Petra nudged her with her beer bottle. “Hey,” her friend said. “You okay there?”
Her friend’s gray eyes were sympathetic. And a little worried. That was Petra, always trying to fix things and trying to take on the burdens of the world.
Helen nodded and practiced her deep breathing. She had read a study that found a correlation between meditation and regions of the brain associated with empathy and response to stress. Considering how her thoughts had drifted yesterday with that hockey player, Adam Magnus, she probably needed to improve both her empathy and stress responses.

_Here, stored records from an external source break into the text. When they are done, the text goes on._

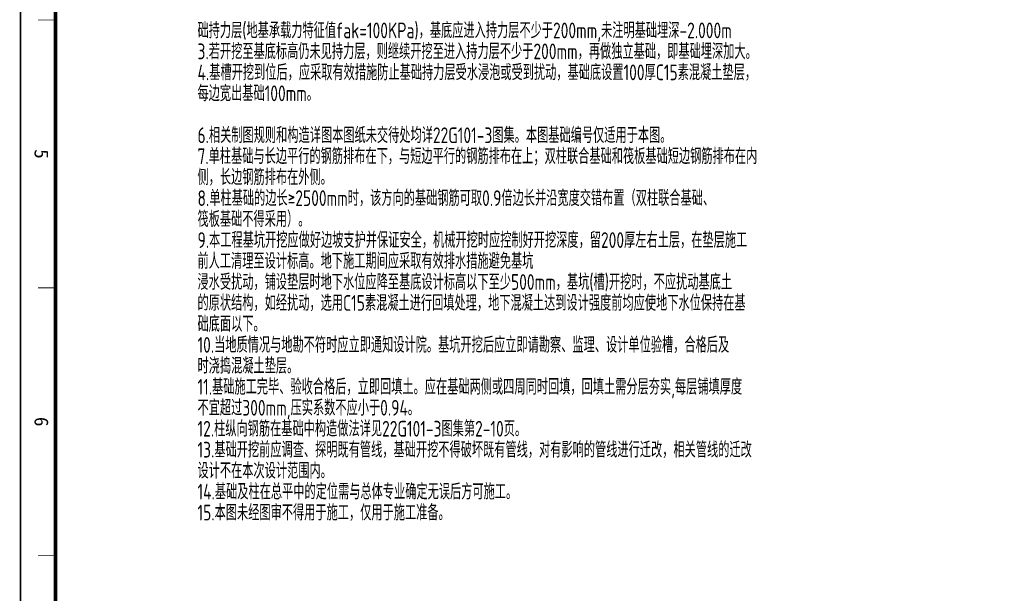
# Model space of a CAD drawing. Extents: x -294221 to 474257, y -25219 to 114942.
# Tile 20 of 69: x -58515 to -30320, y 65287 to 81704. Entities that reach past the tile are written whole.
import ezdxf
from ezdxf.enums import TextEntityAlignment as Align

# ---------------------------------------------------------------- set-up
doc = ezdxf.new("R2010")
doc.units = 0
doc.header["$LTSCALE"] = 1000
doc.layers.add('BORDER', color=7, linetype='Continuous')
doc.layers.add('text', color=7, linetype='Continuous')
doc.styles.add('QC_宋体', font='txt')
doc.styles.add('TEXT', font='tssdeng.shx', dxfattribs={"width": 0.75, "bigfont": 'tssdchn.shx'})

# ---------------------------------------------------------------- blocks, each defined once
blk = doc.blocks.new('A1+0.5E图框')
for points, const_width in [([(0, 0), (1261, 0), (1261, 594), (0, 594)], 0.5), ([(25, 10), (1251, 10), (1251, 584), (25, 584)], 1)]:
    blk.add_lwpolyline(points, close=True, dxfattribs=dict(const_width=const_width))
at = {"const_width": 0.2}
for points in [[(331.5, 10), (331.5, 5)], [(408.12, 10), (408.12, 5)], [(484.75, 10), (484.75, 5)]]:
    blk.add_lwpolyline(points, dxfattribs=at)
at = {"style": 'QC_宋体'}
for s, p in [('5', (369.81, 6)), ('6', (446.44, 6))]:
    blk.add_text(s, height=4, dxfattribs=at).set_placement(p, align=Align.MIDDLE_CENTER)

msp = doc.modelspace()

# ---------------------------------------------------------------- linework, layer by layer
at = {"layer": 'BORDER'}
msp.add_lwpolyline([(-58489.896, -11257.991), (-58489.896, 114942.009), (910.104, 114942.009), (910.104, -11257.991)], close=True, dxfattribs=at)
at = {"layer": 'BORDER', "const_width": 50}
msp.add_lwpolyline([(-57489.896, -10257.991), (-57489.896, 112442.009), (-89.896, 112442.009), (-89.896, -10257.991)], close=True, dxfattribs=at)

# ---------------------------------------------------------------- block references
at = {"xscale": 100, "yscale": 100, "zscale": 100, "rotation": 270}
msp.add_blockref('A1+0.5E图框', (-58489.896, 114842.009), dxfattribs=at)

# ---------------------------------------------------------------- texts
at = {"layer": 'text', "style": 'TEXT', "width": 0.75}
for s, p in [('础持力层(地基承载力特征值fak=100KPa)，基底应进入持力层不少于200mm,未注明基础埋深-2.000m', (-53423.437, 81171.835)), ('3.若开挖至基底标高仍未见持力层，则继续开挖至进入持力层不少于200mm，再做独立基础，即基础埋深加大。', (-53423.437, 80571.835)), ('4.基槽开挖到位后，应采取有效措施防止基础持力层受水浸泡或受到扰动，基础底设置100厚C15素混凝土垫层，', (-53423.437, 79971.835)), ('每边宽出基础100mm。', (-53423.437, 79371.835)), ('6.相关制图规则和构造详图本图纸未交待处均详22G101-3图集。本图基础编号仅适用于本图。', (-53423.437, 78171.835)), ('7.单柱基础与长边平行的钢筋排布在下，与短边平行的钢筋排布在上；双柱联合基础和筏板基础短边钢筋排布在内', (-53423.437, 77571.835)), ('侧，长边钢筋排布在外侧。', (-53423.437, 76971.835)), ('8.单柱基础的边长≥2500mm时，该方向的基础钢筋可取0.9倍边长并沿宽度交错布置（双柱联合基础、', (-53423.437, 76371.835)), ('筏板基础不得采用）。', (-53423.437, 75771.835)), ('9.本工程基坑开挖应做好边坡支护并保证安全，机械开挖时应控制好开挖深度，留200厚左右土层，在垫层施工', (-53423.437, 75171.835)), ('前人工清理至设计标高。地下施工期间应采取有效排水措施避免基坑', (-53423.437, 74571.835)), ('浸水受扰动，铺设垫层时地下水位应降至基底设计标高以下至少500mm，基坑(槽)开挖时，不应扰动基底土', (-53423.437, 73971.835)), ('的原状结构，如经扰动，选用C15素混凝土进行回填处理，地下混凝土达到设计强度前均应使地下水位保持在基', (-53423.437, 73371.835)), ('础底面以下。', (-53423.437, 72771.835)), ('10.当地质情况与地勘不符时应立即通知设计院。基坑开挖后应立即请勘察、监理、设计单位验槽，合格后及', (-53423.437, 72171.835)), ('时浇捣混凝土垫层。', (-53423.437, 71571.835)), ('11.基础施工完毕、验收合格后，立即回填土。应在基础两侧或四周同时回填，回填土需分层夯实,每层铺填厚度', (-53423.437, 70971.835)), ('不宜超过300mm,压实系数不应小于0.94。', (-53423.437, 70371.835)), ('12.柱纵向钢筋在基础中构造做法详见22G101-3图集第2-10页。', (-53423.437, 69771.835)), ('13.基础开挖前应调查、探明既有管线，基础开挖不得破坏既有管线，对有影响的管线进行迁改，相关管线的迁改', (-53423.437, 69171.835)), ('设计不在本次设计范围内。', (-53423.437, 68571.835)), ('14.基础及柱在总平中的定位需与总体专业确定无误后方可施工。', (-53423.437, 67971.835)), ('15.本图未经图审不得用于施工，仅用于施工准备。', (-53423.437, 67371.835))]:
    msp.add_text(s, height=450, dxfattribs=at).set_placement(p)

doc.saveas('drawing.dxf')

But she made the mistake of looking at the screen again. “Now they’re not even playing, they’re just fighting,” she yelped, horrified. “They’re just going at it, bare knuckled.”
“They’re wearing helmets,” Sarah said, ever contradictory.
Helen winced a
s the camera closed in on the two players.
“I don’t think that’s helping,” she said, as the dark-haired player’s head snapped back. Sweat flew off of the men and onto the Plexiglas behind them. Blood started streaming down the player’s nose.
She, Sarah, and Petra leaned in closer to the television set. The men slugged at each other resignedly, with the blond seeming to have the upper hand for a while. Helen watched them slamming into the boards again. And suddenly, she was irrationally angry. Again.
She was getting a little predictable.
“It’s kind of mesmerizing,” Sarah said, moving a fry to her mouth.
“You’re the only one who thinks so,” said Petra.
“Not true. Doc Weber’s totally with me on this. Right, Helen?”
Petra snorted. “Oh pardon me, n=2, where subject one is you and subject two is Weber. Every study population has outliers. In this case, it’s the entire population of the Pacific Northwest versus you two. The Wolves madness that afflicts you and Weber is not statistically significant.”
“Why are they so unpopular?” asked Helen.
“They’re the losingest team in the NHL,” Sarah explained. She liked to know everything about anything. “Last year was their first year, so that was at least excusable. But now, they’re just an embarrassment. Plus, there’s the fact that they want a brand new arena built with city and state funds, even though there are already two perfectly good venues in town for them.”
“I heard something about that,” Petra said.
“The owner is some billionaire. Totally shady.”
Sarah ate another fry while still staring intensely at the game.
On screen, a fist connected with the blond’s nose.
“Do they do that in every game?” Helen asked.
“Yeah, I think it’s pretty standard,” Petra said. She was watching Sarah.
Helen pushed her stool back. “The American Medical Association and the American Academy of Neurology have called for a boxing ban for years. I can’t believe they haven’t extended it to hockey. At least boxers have gloves and a padded ring. Ice is hard and sticks and skates are sharp.”